Work item: Please return each of the entries that follow, unchanged in every word.

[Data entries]

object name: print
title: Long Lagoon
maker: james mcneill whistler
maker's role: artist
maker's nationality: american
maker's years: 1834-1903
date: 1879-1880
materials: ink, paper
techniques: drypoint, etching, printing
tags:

Exercise answer:
object name: print
title: Long Lagoon
maker: james mcneill whistler
maker's role: artist
maker's nationality: american
maker's years: 1834-1903
date: 1879-1880
materials: ink, paper
techniques: drypoint, etching, printing
tags:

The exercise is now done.